Institutional Shareholder Services and Glass Lewis have expressed concerns about McDonald’s independence.
McDonald joined the board of THG, formerly known as The Hut Group, in 2010 and currently sits on the compensation, nominating and sustainability committees. He is also the founder and chief investment officer of investment advisory firm Belerion Capital, which last year worked with asset manager King Street Capital on a unsuccessful bid for THG.
The recommendation ahead of THG’s annual meeting on June 21 comes after a turbulent period for the group and its chief executive, Matthew Moulding, including several profit warnings and concerns about corporate governance.
Molding co-founded the company in 2004. He listed with a valuation of £5.4 billion in 2020 but now has a market capitalization of £800m. He was highly critical of the London Stock Exchange and described the company’s decision to register as a “mistake”.
ISS said that while pragmatic in cases where a non-executive director’s tenure has reached or exceeded nine years, McDonald’s was “not considered independent” because he sits on the board with the founders. Molding and John Gallemore for 13 years.
Glass Lewis also said he was an “affiliate or insider” of the compensation committee. ISS added in its report: “The shortcomings include the fact that the compensation committee is not fully independent.”

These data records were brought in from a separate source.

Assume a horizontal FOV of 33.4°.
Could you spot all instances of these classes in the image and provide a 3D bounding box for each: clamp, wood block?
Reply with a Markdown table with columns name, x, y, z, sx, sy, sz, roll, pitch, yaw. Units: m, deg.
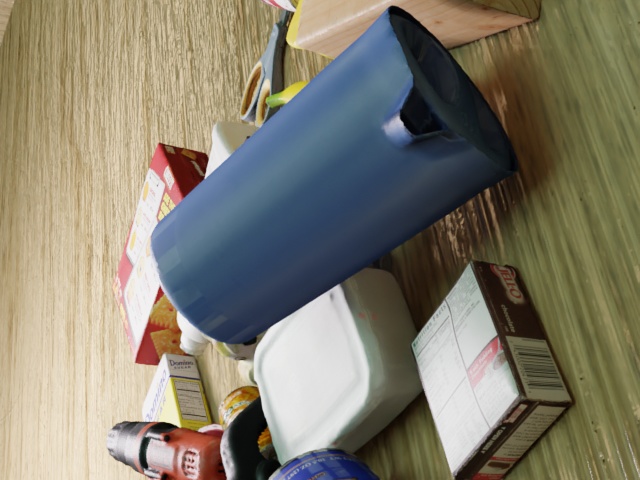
| name | x | y | z | sx | sy | sz | roll | pitch | yaw |
| --- | --- | --- | --- | --- | --- | --- | --- | --- | --- |
| clamp | -0.048 | 0.197 | 0.849 | 0.036 | 0.164 | 0.210 | 115 | 162 | -45 |
| wood block | 0.068 | -0.195 | 0.792 | 0.206 | 0.090 | 0.091 | -2 | 78 | 65 |

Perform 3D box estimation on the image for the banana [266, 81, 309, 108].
| name | x | y | z | sx | sy | sz | roll | pitch | yaw |
| --- | --- | --- | --- | --- | --- | --- | --- | --- | --- |
| banana | -0.008 | -0.098 | 0.949 | 0.070 | 0.037 | 0.198 | -40 | 26 | 16 |

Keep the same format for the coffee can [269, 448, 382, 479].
| name | x | y | z | sx | sy | sz | roll | pitch | yaw |
| --- | --- | --- | --- | --- | --- | --- | --- | --- | --- |
| coffee can | 0.025 | 0.215 | 0.723 | 0.140 | 0.102 | 0.103 | 29 | 108 | 64 |

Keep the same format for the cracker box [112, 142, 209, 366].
| name | x | y | z | sx | sy | sz | roll | pitch | yaw |
| --- | --- | --- | --- | --- | --- | --- | --- | --- | --- |
| cracker box | -0.175 | 0.018 | 1.263 | 0.214 | 0.072 | 0.164 | -68 | 29 | 24 |

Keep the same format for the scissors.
| name | x | y | z | sx | sy | sz | roll | pitch | yaw |
| --- | --- | --- | --- | --- | --- | --- | --- | --- | --- |
| scissors | -0.041 | -0.200 | 1.116 | 0.202 | 0.016 | 0.096 | -63 | 31 | 33 |

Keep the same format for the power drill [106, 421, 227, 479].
| name | x | y | z | sx | sy | sz | roll | pitch | yaw |
| --- | --- | --- | --- | --- | --- | --- | --- | --- | --- |
| power drill | -0.142 | 0.259 | 0.959 | 0.185 | 0.057 | 0.187 | -2 | 85 | 51 |

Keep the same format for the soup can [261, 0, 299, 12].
| name | x | y | z | sx | sy | sz | roll | pitch | yaw |
| --- | --- | --- | --- | --- | --- | --- | --- | --- | --- |
| soup can | -0.022 | -0.255 | 1.033 | 0.102 | 0.068 | 0.068 | 37 | 115 | 62 |

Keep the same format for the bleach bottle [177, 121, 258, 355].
| name | x | y | z | sx | sy | sz | roll | pitch | yaw |
| --- | --- | --- | --- | --- | --- | --- | --- | --- | --- |
| bleach bottle | -0.106 | 0.008 | 1.128 | 0.103 | 0.068 | 0.251 | -118 | 41 | -54 |

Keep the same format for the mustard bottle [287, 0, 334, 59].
| name | x | y | z | sx | sy | sz | roll | pitch | yaw |
| --- | --- | --- | --- | --- | --- | --- | --- | --- | --- |
| mustard bottle | 0.023 | -0.258 | 0.935 | 0.096 | 0.058 | 0.192 | -50 | -23 | -77 |

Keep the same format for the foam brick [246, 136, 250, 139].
| name | x | y | z | sx | sy | sz | roll | pitch | yaw |
| --- | --- | --- | --- | --- | --- | --- | --- | --- | --- |
| foam brick | -0.034 | -0.056 | 0.977 | 0.051 | 0.078 | 0.053 | -118 | 42 | -52 |

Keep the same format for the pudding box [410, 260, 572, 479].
| name | x | y | z | sx | sy | sz | roll | pitch | yaw |
| --- | --- | --- | --- | --- | --- | --- | --- | --- | --- |
| pudding box | 0.104 | 0.083 | 0.677 | 0.113 | 0.039 | 0.090 | -103 | 32 | -43 |

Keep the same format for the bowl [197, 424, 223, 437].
| name | x | y | z | sx | sy | sz | roll | pitch | yaw |
| --- | --- | --- | --- | --- | --- | --- | --- | --- | --- |
| bowl | -0.118 | 0.258 | 1.018 | 0.162 | 0.055 | 0.162 | -8 | 80 | 48 |

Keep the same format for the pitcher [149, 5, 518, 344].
| name | x | y | z | sx | sy | sz | roll | pitch | yaw |
| --- | --- | --- | --- | --- | --- | --- | --- | --- | --- |
| pitcher | 0.005 | -0.036 | 0.734 | 0.243 | 0.149 | 0.145 | -37 | 49 | 22 |

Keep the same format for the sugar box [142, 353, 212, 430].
| name | x | y | z | sx | sy | sz | roll | pitch | yaw |
| --- | --- | --- | --- | --- | --- | --- | --- | --- | --- |
| sugar box | -0.156 | 0.216 | 1.178 | 0.093 | 0.048 | 0.176 | -66 | 30 | 26 |

In the company’s latest annual report, the board defended McDonald’s position on the compensation committee. He said he “recognizes the need for an independent composition” of the compensation committee, but added “it would not be in the interests of the company and its shareholders for Iain McDonald to resign”.
His “experience and broad financial expertise and strong investment acumen make him well equipped to serve on the compensation committee,” the report adds.
McDonald’s previously withdrew from board discussions of takeover proposals due to a “conflict of interest”, according to ISS. When THG rejected Belerion’s £2billion in May last year, it confirmed there had been three takeover approaches for the company.
Glass Lewis also urged shareholders to reject THG’s compensation report over an “unwarranted” salary increase for the company’s new chief financial officer. Damian Sanders will earn £500,000 a year, 11% more than his predecessor, Gallemore.
THG said: “Charles Allen joined the Board as Independent Non-Executive Chairman in March 2022 with a clear mandate to improve governance, transparency and to strengthen and refresh the Board by enhancing its independence and diversity.
“Since then, the board has appointed three new independent directors (non-executive directors) in Gillian Kent, Dean Moore and Sue Farr, as senior independent non-executive directors, and with a commitment for further appointments in accordance to good corporate governance and as a priority issue in 2023.”